▶ **EXERCISE DIRECTIONS**:
Nothing but the records themselves, exactly as written, should appear in the reply; leave out the pictures.
** Opening SUPPLIED RECORDS block **
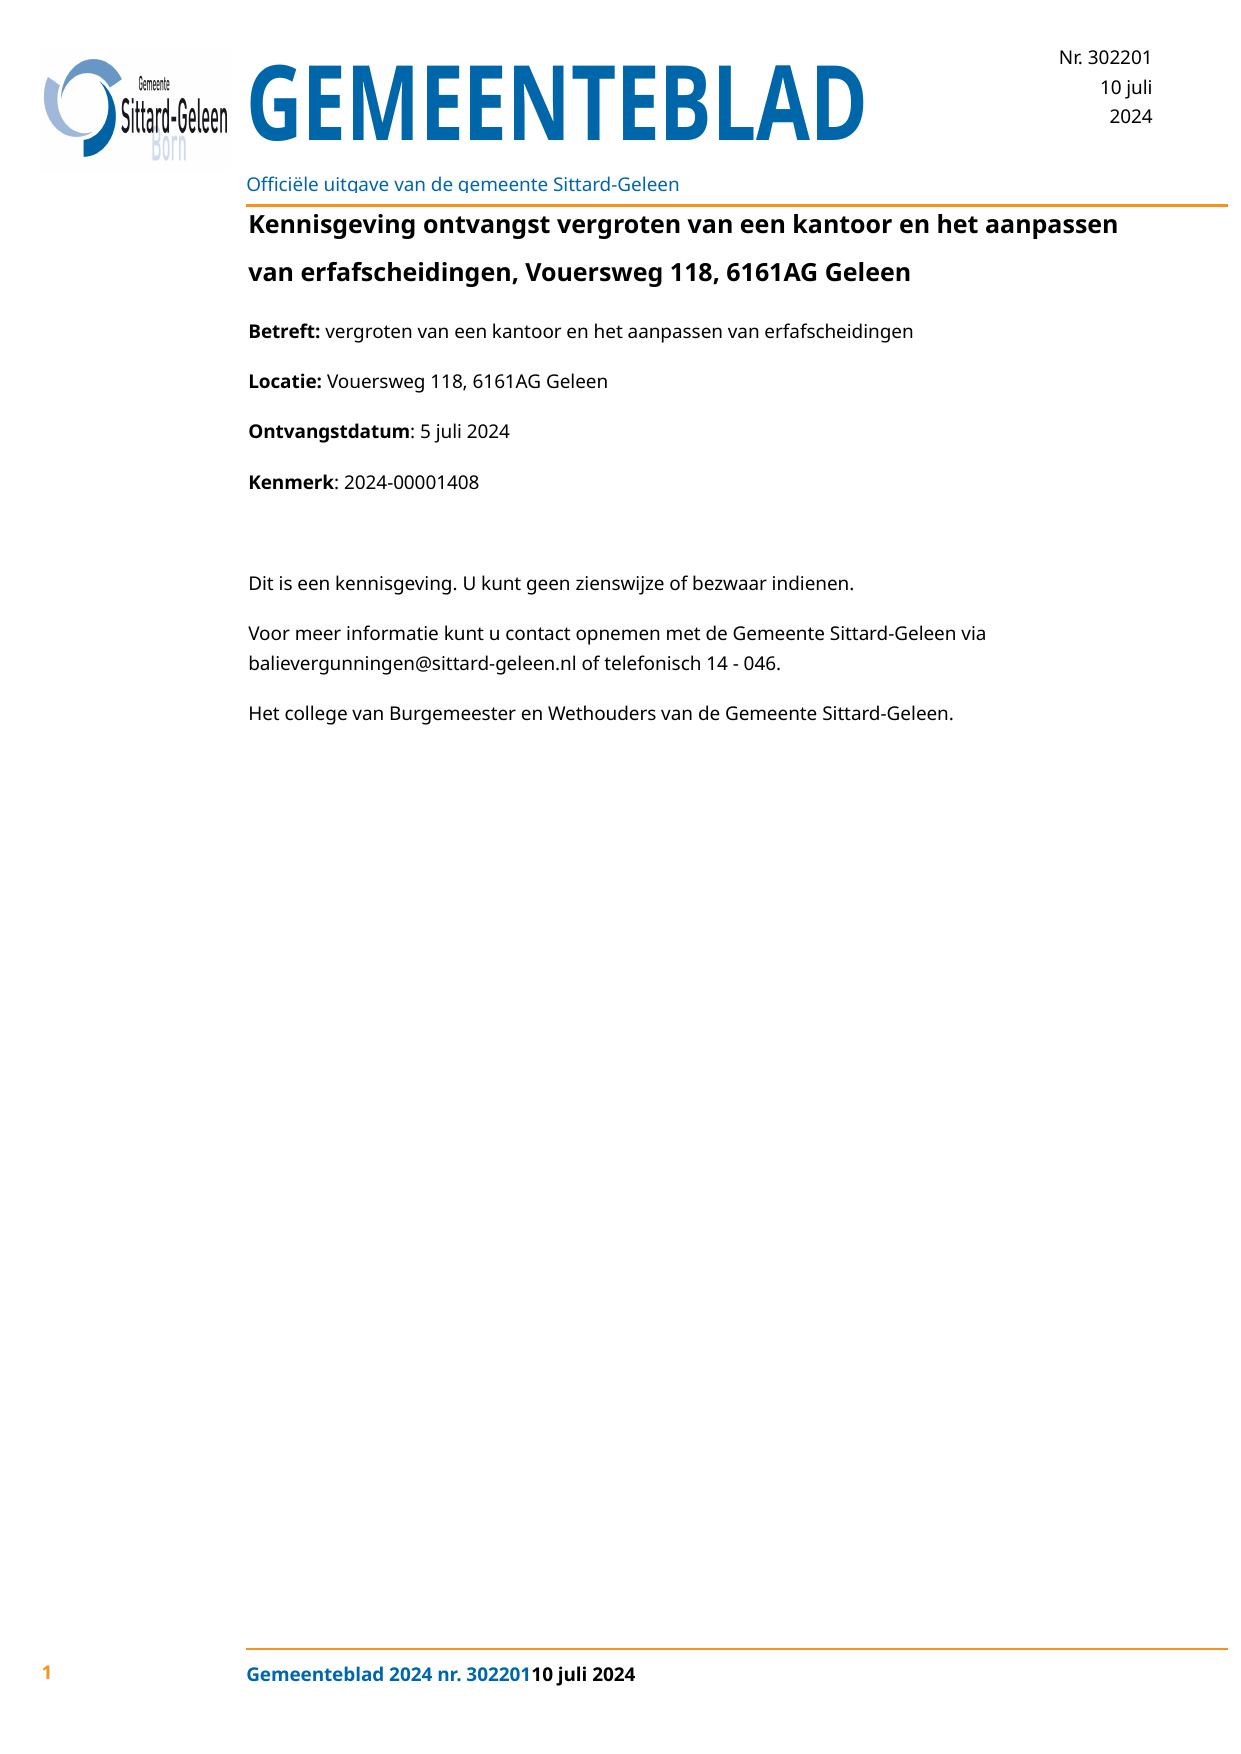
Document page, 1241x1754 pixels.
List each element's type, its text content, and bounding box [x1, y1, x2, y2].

picture [41, 47, 231, 172]
text Voor meer informatie kunt u contact opnemen met de Gemeente Sittard-Geleen via balievergunningen@sittard-geleen.nl of telefonisch 14 - 046. [248, 620, 1152, 676]
text Betreft: vergroten van een kantoor en het aanpassen van erfafscheidingen [248, 318, 1152, 344]
text Locatie: Vouersweg 118, 6161AG Geleen [248, 368, 1152, 394]
text Het college van Burgemeester en Wethouders van de Gemeente Sittard-Geleen. [248, 700, 1152, 726]
text Ontvangstdatum: 5 juli 2024 [248, 419, 1152, 444]
text Kennisgeving ontvangst vergroten van een kantoor en het aanpassen van erfafscheidingen, Vouersweg 118, 6161AG Geleen [248, 207, 1152, 288]
text Dit is een kennisgeving. U kunt geen zienswijze of bezwaar indienen. [248, 570, 1152, 596]
text Kenmerk: 2024-00001408 [248, 469, 1152, 495]
** Closing SUPPLIED RECORDS block **
▶ **ANSWER TO THIS TASK**:
Document page, 1241x1754 pixels.
List each element's type, its text content, and bounding box [x1, y1, x2, y2].

picture [41, 47, 231, 172]
text Voor meer informatie kunt u contact opnemen met de Gemeente Sittard-Geleen via balievergunningen@sittard-geleen.nl of telefonisch 14 - 046. [248, 620, 1152, 676]
text Betreft: vergroten van een kantoor en het aanpassen van erfafscheidingen [248, 318, 1152, 344]
text Locatie: Vouersweg 118, 6161AG Geleen [248, 368, 1152, 394]
text Het college van Burgemeester en Wethouders van de Gemeente Sittard-Geleen. [248, 700, 1152, 726]
text Ontvangstdatum: 5 juli 2024 [248, 419, 1152, 444]
text Kennisgeving ontvangst vergroten van een kantoor en het aanpassen van erfafscheidingen, Vouersweg 118, 6161AG Geleen [248, 207, 1152, 288]
text Dit is een kennisgeving. U kunt geen zienswijze of bezwaar indienen. [248, 570, 1152, 596]
text Kenmerk: 2024-00001408 [248, 469, 1152, 495]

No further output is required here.